Modify the appropriate places to get a reference to the new mode spinner. You'll also need to implement the onItemSelected(...) method to notify the CameraView of any mode switches.
Take a look at assets/default.vert and assets/default.frag:
// default.vert
attribute vec4 vPosition;
attribute vec2 vTexCoordIn;
varying vec2 vTexCoordOut;
void main() {
gl_Position = vPosition;
vTexCoordOut = vTexCoordIn;
}
default.vert is called a vertex shader. Each vertex sent into the pipeline gets processed by this shader. In the our case, this will get called four times, once on each corner of the rectangular viewfinder. During each call, the vertex's position and texture coordinates are passed in through attributes. This particular vertex shader doesn't do much, it just leaves the position unchanged and passes the texture coordinate to the next shader as a varying (meaning its value should be interpolated between vertices.)
// default.frag
#extension GL_OES_EGL_image_external:enable
precision mediump float;
varying mediump vec2 vTexCoordOut;
uniform samplerExternalOES texture;
void main() {
gl_FragColor = texture2D(texture, vTexCoordOut);
}
default.frag is called a fragment shader. A fragment is best described as a "candidate" pixel that could be drawn to the screen. Fragments are generated by rasterizing the polygons defined by the vertices processed in the vertex shader. These fragments then get processed here. In the our case, this will get called 800x600 times, once for each pixel in the viewfinder. During each call, the fragments's texture coordinates are passed in along with a reference to the texture as a uniform (meaning its value is constant for all fragments.) The samplerExternalOES type is a special kind of sampler that understands the Tegra-specific texture buffer we use to pass around viewfinder frames. This particular fragment shader performs a 2D texture look up and returns the appropriate color.
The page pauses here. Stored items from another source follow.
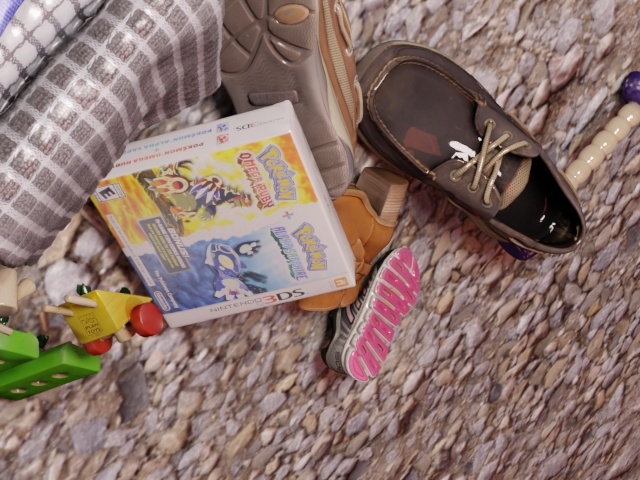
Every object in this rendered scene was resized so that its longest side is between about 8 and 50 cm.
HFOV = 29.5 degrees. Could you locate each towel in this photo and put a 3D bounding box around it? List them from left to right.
[{"bbox_3d":[-0.174,-0.094,0.848,0.235,0.121,0.283,-52,-178,-6],"label":"towel"}]

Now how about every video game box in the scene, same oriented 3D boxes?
[{"bbox_3d":[-0.083,-0.016,1.075,0.187,0.048,0.205,-15,135,9],"label":"video game box"}]

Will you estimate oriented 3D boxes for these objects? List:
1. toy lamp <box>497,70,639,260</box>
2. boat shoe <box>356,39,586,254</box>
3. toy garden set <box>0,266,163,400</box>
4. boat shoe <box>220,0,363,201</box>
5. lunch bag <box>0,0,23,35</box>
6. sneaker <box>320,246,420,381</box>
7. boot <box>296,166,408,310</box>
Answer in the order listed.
[{"bbox_3d":[0.318,-0.088,1.473,0.275,0.080,0.080,-47,139,-11],"label":"toy lamp"},{"bbox_3d":[0.171,-0.092,1.269,0.355,0.130,0.132,30,91,-41],"label":"boat shoe"},{"bbox_3d":[-0.266,0.060,0.949,0.244,0.203,0.049,23,53,-49],"label":"toy garden set"},{"bbox_3d":[-0.034,-0.186,1.055,0.116,0.123,0.324,-65,152,-47],"label":"boat shoe"},{"bbox_3d":[-0.241,-0.333,0.654,0.385,0.239,0.328,-59,138,-12],"label":"lunch bag"},{"bbox_3d":[0.050,0.078,1.337,0.063,0.074,0.170,44,59,-32],"label":"sneaker"},{"bbox_3d":[0.000,0.000,1.227,0.197,0.073,0.152,4,116,-43],"label":"boot"}]
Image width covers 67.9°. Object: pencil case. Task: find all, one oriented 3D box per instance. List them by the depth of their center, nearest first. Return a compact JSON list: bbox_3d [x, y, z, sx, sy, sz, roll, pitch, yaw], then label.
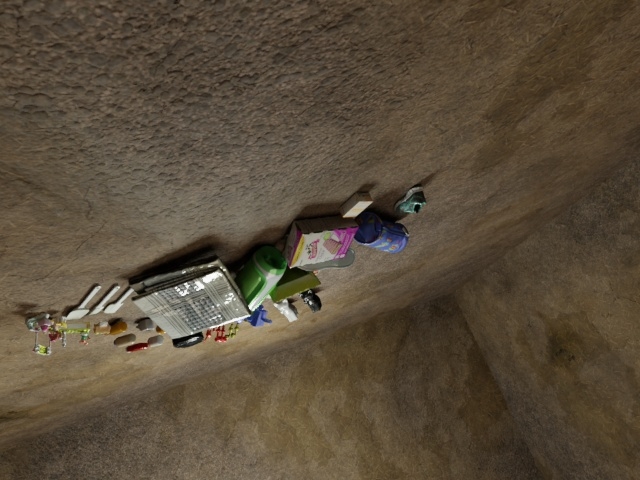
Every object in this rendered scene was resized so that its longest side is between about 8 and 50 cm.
[{"bbox_3d":[0.234,-0.026,1.784,0.133,0.120,0.306,-13,167,29],"label":"pencil case"}]

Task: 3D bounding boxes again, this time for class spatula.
[{"bbox_3d":[-0.699,0.197,1.530,0.168,0.019,0.242,2,150,-47],"label":"spatula"}]

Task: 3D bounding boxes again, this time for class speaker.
[{"bbox_3d":[-0.240,0.153,1.678,0.131,0.131,0.296,1,138,-48],"label":"speaker"}]

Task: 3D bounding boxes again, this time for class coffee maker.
[{"bbox_3d":[-0.516,0.299,1.751,0.120,0.178,0.171,-31,159,21],"label":"coffee maker"}]

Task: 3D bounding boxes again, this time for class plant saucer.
[{"bbox_3d":[-0.121,0.124,1.749,0.188,0.188,0.045,-21,130,-16],"label":"plant saucer"}]

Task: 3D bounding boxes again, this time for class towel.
[{"bbox_3d":[-0.418,0.199,1.553,0.311,0.056,0.324,-16,134,5],"label":"towel"}]

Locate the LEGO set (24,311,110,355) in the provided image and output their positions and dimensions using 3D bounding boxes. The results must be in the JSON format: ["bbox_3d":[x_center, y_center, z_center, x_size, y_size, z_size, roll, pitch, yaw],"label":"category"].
[{"bbox_3d":[-0.817,0.308,1.523,0.132,0.107,0.287,-16,158,17],"label":"LEGO set"}]

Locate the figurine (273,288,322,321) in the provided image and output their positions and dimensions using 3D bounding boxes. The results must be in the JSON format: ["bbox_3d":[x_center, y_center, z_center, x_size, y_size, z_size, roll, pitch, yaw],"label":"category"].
[{"bbox_3d":[-0.116,0.310,2.362,0.214,0.093,0.209,-22,152,2],"label":"figurine"}]

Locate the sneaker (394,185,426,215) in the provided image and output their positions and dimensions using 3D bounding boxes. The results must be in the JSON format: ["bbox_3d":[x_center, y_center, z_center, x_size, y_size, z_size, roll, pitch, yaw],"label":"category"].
[{"bbox_3d":[0.320,-0.123,1.693,0.064,0.076,0.166,-12,158,-24],"label":"sneaker"}]

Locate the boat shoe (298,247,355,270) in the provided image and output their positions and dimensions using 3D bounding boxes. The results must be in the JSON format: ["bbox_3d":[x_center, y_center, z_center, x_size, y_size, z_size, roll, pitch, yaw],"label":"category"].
[{"bbox_3d":[-0.012,0.054,1.764,0.302,0.115,0.091,11,-177,-36],"label":"boat shoe"}]

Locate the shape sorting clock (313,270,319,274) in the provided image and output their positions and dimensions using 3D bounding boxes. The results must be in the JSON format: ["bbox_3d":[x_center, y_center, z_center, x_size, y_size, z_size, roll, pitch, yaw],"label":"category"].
[{"bbox_3d":[-0.099,0.153,2.018,0.206,0.040,0.206,-20,160,-8],"label":"shape sorting clock"}]

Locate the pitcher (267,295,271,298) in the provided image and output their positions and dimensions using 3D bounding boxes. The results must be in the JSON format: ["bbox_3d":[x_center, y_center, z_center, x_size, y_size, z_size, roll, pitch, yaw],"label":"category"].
[{"bbox_3d":[-0.198,0.168,1.838,0.207,0.126,0.177,-17,165,17],"label":"pitcher"}]

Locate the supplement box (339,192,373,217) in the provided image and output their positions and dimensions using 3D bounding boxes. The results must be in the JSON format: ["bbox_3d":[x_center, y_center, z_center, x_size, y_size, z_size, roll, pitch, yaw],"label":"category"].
[{"bbox_3d":[0.115,-0.116,1.552,0.062,0.036,0.098,-4,154,-40],"label":"supplement box"}]

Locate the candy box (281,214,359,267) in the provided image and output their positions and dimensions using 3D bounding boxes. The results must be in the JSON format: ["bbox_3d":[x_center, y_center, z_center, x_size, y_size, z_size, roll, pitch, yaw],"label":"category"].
[{"bbox_3d":[0.000,0.000,1.618,0.233,0.071,0.159,-8,137,-33],"label":"candy box"}]

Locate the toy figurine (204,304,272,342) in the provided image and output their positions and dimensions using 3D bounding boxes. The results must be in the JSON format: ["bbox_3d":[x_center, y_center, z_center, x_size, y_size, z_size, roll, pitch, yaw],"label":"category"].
[{"bbox_3d":[-0.294,0.330,1.922,0.217,0.192,0.362,7,172,12],"label":"toy figurine"}]

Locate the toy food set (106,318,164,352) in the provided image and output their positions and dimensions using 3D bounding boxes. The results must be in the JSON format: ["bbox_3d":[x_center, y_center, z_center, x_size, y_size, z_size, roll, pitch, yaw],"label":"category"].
[{"bbox_3d":[-0.711,0.371,1.845,0.104,0.111,0.232,-18,165,27],"label":"toy food set"}]

Your zebra viewfinder shader program will be very similar to the default viewfinder. The vertex shader can be copied directly, while the fragment shader will need to be a bit more complicated. For more information on OpenGLSL syntax, check out the documentation or some tutorials.
When the CameraViewRenderer is created, it loads and precompiles all the possible viewfinder shaders. Update the code marked by TODOs to include your new zebra shader program.
Answer the following questions in your write up:
If you find yourself with some spare time, try making a "Cops" viewfinder mode that pixelates (i.e. censors) any faces found in the viewfinder stream. You'll probably find this easiest to add in the main camera thread using OpenCV and directly editing frame pixels, rather than making a new shader on the Java side. You won't get any extra credit or anything for doing this, but if you end up giving it a try send some screen shots our way!